Author: Claire Hellweg*
Prior to the current COVID-19 pandemic, recent trends have indicated that international tribunals are reluctant to accept claims of force majeure as a valid excuse for not performing contractual agreements, as evidenced by the small number of accepted claims. In 2003, the International Chamber of Commerce (the “ICC”) published a force majeure clause for parties to incorporate into their international contracts either expressly or by reference. This clause “incorporates an impracticability standard,” where “an event must be (1) beyond the party’s control, (2) not foreseeable at the time the contract is signed, and (3) an event that could not reasonably have been avoided or overcome.”  Only the first two requirements are presumed to be met if a listed force majeure event occurs (such as war, an epidemic, a terrorist attack, etc.).  While this standard seems easier to show than an impossibility standard, the ICC still intended for this impracticability standard to limit a party’s ability to simply invoke a listed event to easily default on its contractual duties. However, this might have been too restrictive on parties, as empirical information indicates that the large majority of all force majeure defenses are unsuccessful.

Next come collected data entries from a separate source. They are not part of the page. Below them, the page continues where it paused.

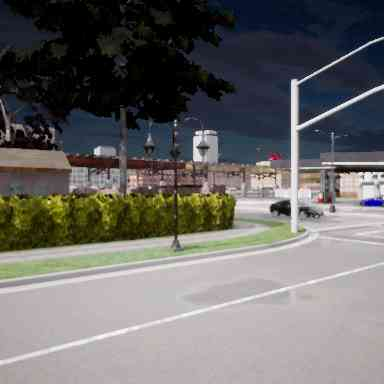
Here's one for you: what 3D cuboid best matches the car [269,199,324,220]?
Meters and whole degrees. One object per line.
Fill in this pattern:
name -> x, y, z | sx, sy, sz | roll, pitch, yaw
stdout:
car -> 8.818, 1.419, 28.406 | 1.837, 1.490, 4.892 | 0, 1, -35

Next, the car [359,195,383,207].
car -> 26.089, 1.292, 46.814 | 2.242, 1.667, 4.611 | 0, 0, -35
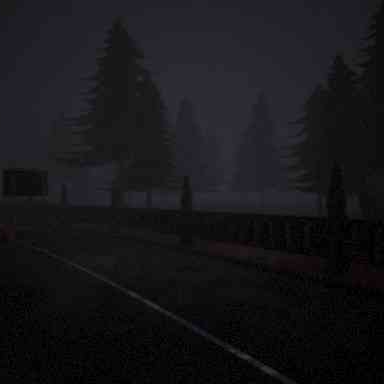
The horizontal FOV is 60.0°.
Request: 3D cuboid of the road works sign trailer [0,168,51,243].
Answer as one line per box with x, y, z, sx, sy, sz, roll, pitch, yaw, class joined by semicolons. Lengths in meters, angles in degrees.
-8.137;0.615;16.776;2.880;3.560;2.380;-1;0;28;road works sign trailer
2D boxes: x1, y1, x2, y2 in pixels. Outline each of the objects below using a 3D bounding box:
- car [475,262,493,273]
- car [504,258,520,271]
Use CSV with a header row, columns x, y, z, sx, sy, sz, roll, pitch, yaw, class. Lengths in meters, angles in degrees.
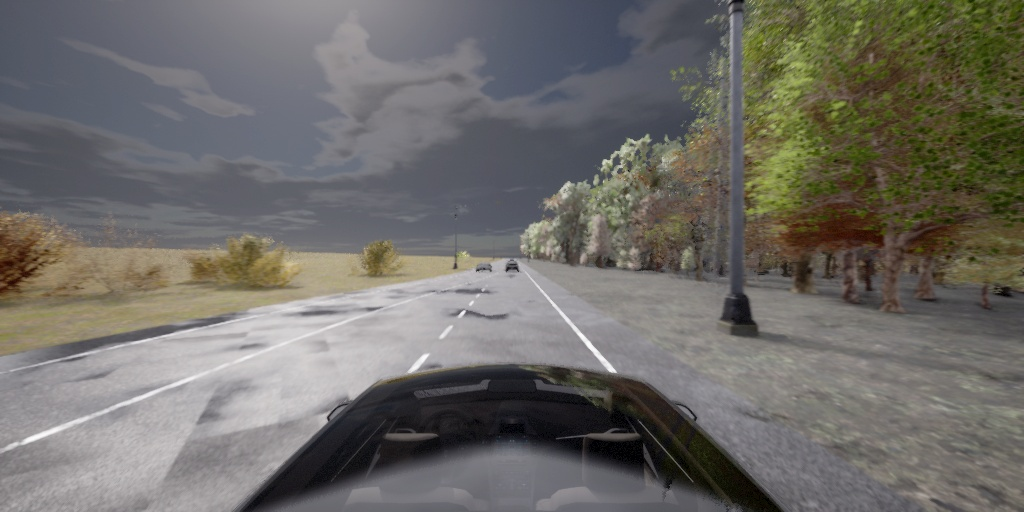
x,y,z,sx,sy,sz,roll,pitch,yaw,class
-3.576,1.421,46.603,1.994,1.385,4.181,0,0,2,car
0.015,1.377,51.048,1.837,1.490,4.892,0,0,0,car

In light of this data, it is uncertain how international tribunals will react to force majeure claims involving COVID-19. It will seemingly depend on the exact types of problems the party experiences as a result of COVID-19, as well as the exact language in the contract. The ICC did release a new force majeure clause in June, 2020, although it seems to just simplify the language of the 2003 clause while maintaining the underlying substance so it does not offer much new guidance.
It will likely be challenging for parties to successfully claim relief from contractual obligations due to general economic hardship caused by the COVID-19 pandemic. Economic hardship is especially difficult to claim as a force majeure defense and the small number of successful claims of economic hardship illustrate international tribunals’ “rigorous and uncompromising approach” to these claims.  The underlying principle for this rigorous approach is the idea that parties must adhere to their contractual terms, regardless of economic hardship, because economic fluctuation is foreseeable, the risk of which should have been allocated by the contracting parties. 
While it may be difficult for a party to default on its contractual obligations due to general economic hardship caused by the COVID-19 pandemic, parties may have a greater chance of success if the contract specifically references the effects of a covered event like a pandemic. Instead of generally listing an “epidemic” as a listed event to try to cover for economic hardship, it would be more advantageous for the force majeure provision to cover specific effects caused by such events. For example, if the clause includes the word “quarantine” after “epidemic” or “plague,” parties are more likely to succeed in claims purporting they are unable to fulfill contractual obligations due to employees or management quarantining.  If the contract specifically lists this effect of the pandemic, instead of just the event itself, the affected party will have an increased chance to successfully claim a force majeure defense to default on its contractual obligations. 
 See Mahmoud Reza Firoozmand & Javad Zamani, Force Majeure in International Contracts: Current Trends and How International Arbitration Practice is Responding, 33 Arb. Int’l 395, 413 (2017).
 Int’l Chamber of Com., ICC Force Majeure Clause 2003, 2003 Int’l Comm. Arb. 7.
 Mark Augenblick & Alison B. Rousseau, Force Majeure in Tumultuous Times: Impracticability as the New Impossibility, 13 J. World Inv. & Trade59, 60 (2012).
 Int’l Chamber of Com., supra note 2, at 9.
 See id. at 8.
 See Augenblick & Rousseau, supra note 3, at 61.
 Int’l Chamber of Com., ICC Force Majeure and Hardship Clauses 2020: Introductory Note and Commentary, 2020 Int’l Comm. Arb. 2.
 See Firoozmand & Zamani, supra note 1, at 409-10.
 Id. at 410.
 Augenblick & Rousseau, supra note 3, at 74.
 See id.
*J.D. Candidate ’22, Columbia Law School.